Изменить размер шрифта - +
Она хотела еще.

Господи, где это меня угораздило?

Измученный вчерашней выпивкой организм вопиял. Он умолял меня дать ему пива, водочки, помыть в горячем душе и переложить с никелированной кровати одноглазой девушки‑штукатура в его законную финскую койку. И дать поспать.
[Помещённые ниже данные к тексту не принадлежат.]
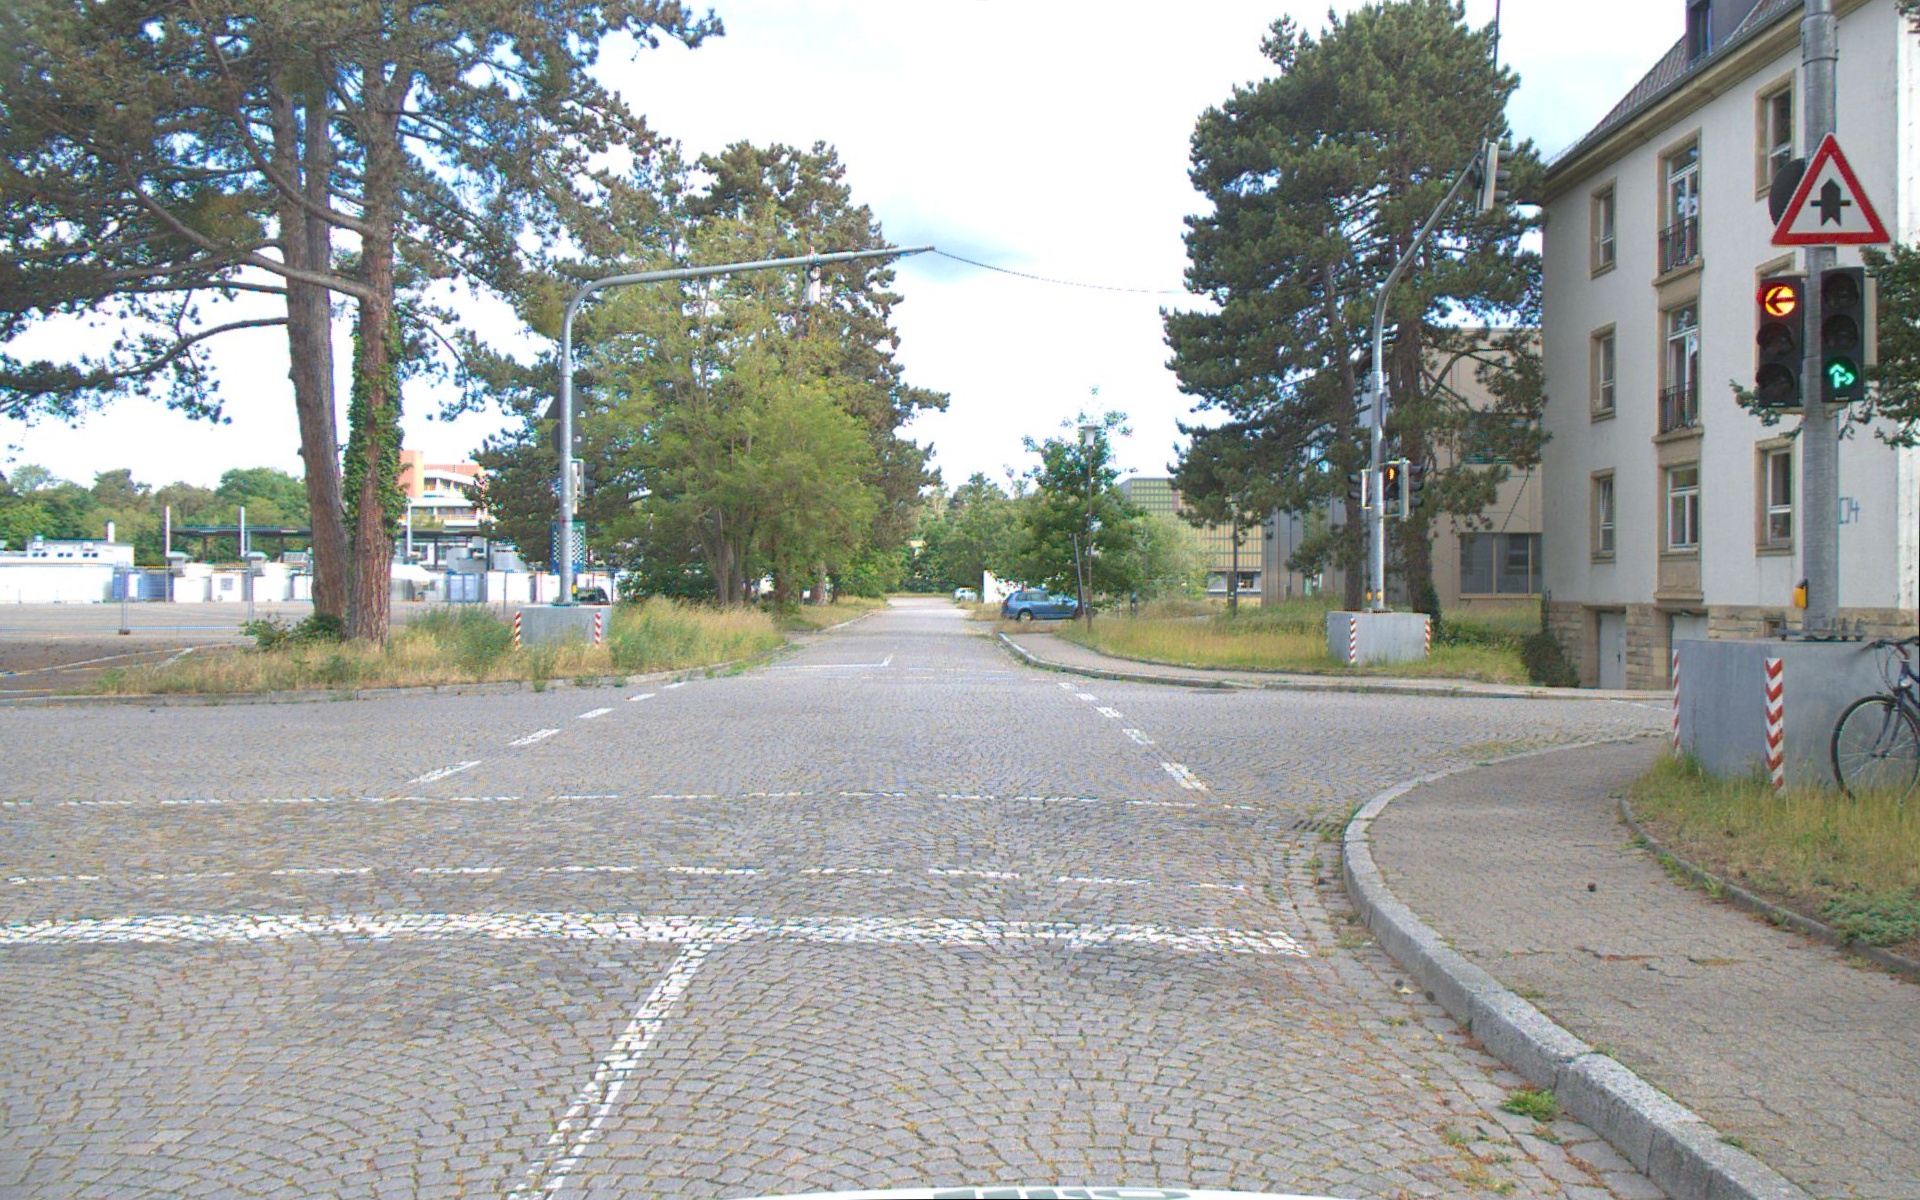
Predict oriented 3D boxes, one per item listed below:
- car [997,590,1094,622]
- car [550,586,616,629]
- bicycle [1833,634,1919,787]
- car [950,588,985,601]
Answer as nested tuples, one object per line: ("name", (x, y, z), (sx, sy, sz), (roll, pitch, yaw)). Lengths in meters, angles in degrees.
("car", (3.898, 0.276, 76.014), (4.257, 1.447, 1.999), (0, 0, -3))
("car", (-13.806, 0.258, 60.705), (1.580, 1.513, 3.999), (0, 0, -1))
("bicycle", (6.330, 0.664, 10.136), (1.665, 0.889, 0.573), (0, 0, -1))
("car", (0.886, -0.663, 193.032), (3.911, 1.422, 1.997), (0, 0, -7))

Одному. Без всяких там поглаживаний и закидывания горячих мясистых ляжек.

Но как я попал сюда?

Я задыхался от пронзительно‑пошлого запаха «Кармен», он сгущался вокруг меня, матерел, уплотнялся, переходил в едкую черно‑желтую смолу, которая быстро затвердевала, каменела. Пока не стала твердью. Дном бездонной шахты времени, на котором я лежал скорчившись, прижатый огненной бульонкой одноглазого штукатура. Запах «Кармен» что‑то стронул в моем спящем мозгу, своей невыносимой остротой и пакостностью нажал какую‑то кнопку памяти и вернул меня на двадцать пять лет назад.

 

***

 

Оторвался от дна и поплыл вверх — навстречу сегодня.

Вот разжидилась вонь «Кармен», проредела, и я вплыл в высокомерно‑наглый смрад «Красной Москвы». Он набирал силу и ярость, пока я, теряя сознание, проплыл через фортиссимо его невыносимого благовония, и понесло на меня душком почти забытым — застенчиво‑острым и пронзительно‑тонким, словно голоса любимых певиц Пахана Лядовой и Пантелеевой. Это текли мимо меня, не смешиваясь, «Серебристый ландыш» и «Пиковая дама».

Я плыл через время, я догонял сегодня. Пробирался через геологический срез пластов запахов моей жизни — запахов всех спавших со мною баб.

Сладострастная тягота арабских духов. Половая эссенция, выжимка из семенников. Эрзац собачьих визиток на заборах. Амбре еще не удовлетворенной похоти.

Забрезжил свет: стало понемногу наносить духом «Шанель» и «Диориссимо».

Я вплывал в сегодня, точнее — во вчера. Женщины, с которыми я был вчера, пахли французскими духами.

Это запах моего «нынче», это запах моих шлюх. Моих хоть и дорогих, но любимых девушек.

Я вспомнил, что было вчера. Вспомнил и испугался.

Вчера меня приговорили к смерти.

Чепуха какая! Дурацкое наваждение. Я презираю мистику. Я материалист.

Не по партийному сознанию, а по жизненному ощущению.

К сожалению, смерть — это самая грубая реальность в нашем материальном мире. Вся наша жизнь до этой грани — мистика.

 

***

 

Неплохо подумать обо всем этом, лежа в душной комнатенке прижатым к пружинному матрасу наливной ляжкой девушки‑штукатура, имени которой я не знаю.

А кем назвался тот — вчерашний, противный и страшный? Как он сказал о себе?

— …Я — истопник котельной третьей эксплуатационной конторы Ада…

Неумная, нелепая шутка. Жалобная месть за долгие унижения, которым я его подвергал в течение бесконечного разгульного вечера.

Истопник котельной. Может быть, эта штукатур — из той же конторы? Какие стены штукатуришь? На чем раствор замешиваешь?

Я столкнул с себя разогретую в адской котельной ляжку и пополз из кровати. Человек выбирается из болотного бочага на краешек тверди. Надо встать, найти в этой гнусной темноте и вонище свою одежду.

Беззащитность голого. Дрожь холода и отвращения. Как мы боимся темноты и наготы! Истопники из страшной котельной хватают нас голыми во мраке.

Он подсел к нам в разгар гулянки в ресторане Дома кино.

В темноте я нашарил брюки, носки, рубаху. Лягушачий холод кожаного пиджака, валявшегося на полу. Сладострастное сопение штукатура. Не могу найти кальсоны и галстук. Беспробудно дрыхнет моя одноглазая подруга, мой похотливый толстоногий циклон. Не найти без нее кальсон и галстука.

Черт с ними. Хотя галстука жалко: французский, модный, узкий, почти ненадеванный. А из‑за кальсон предстоит побоище с любимой женой Мариной.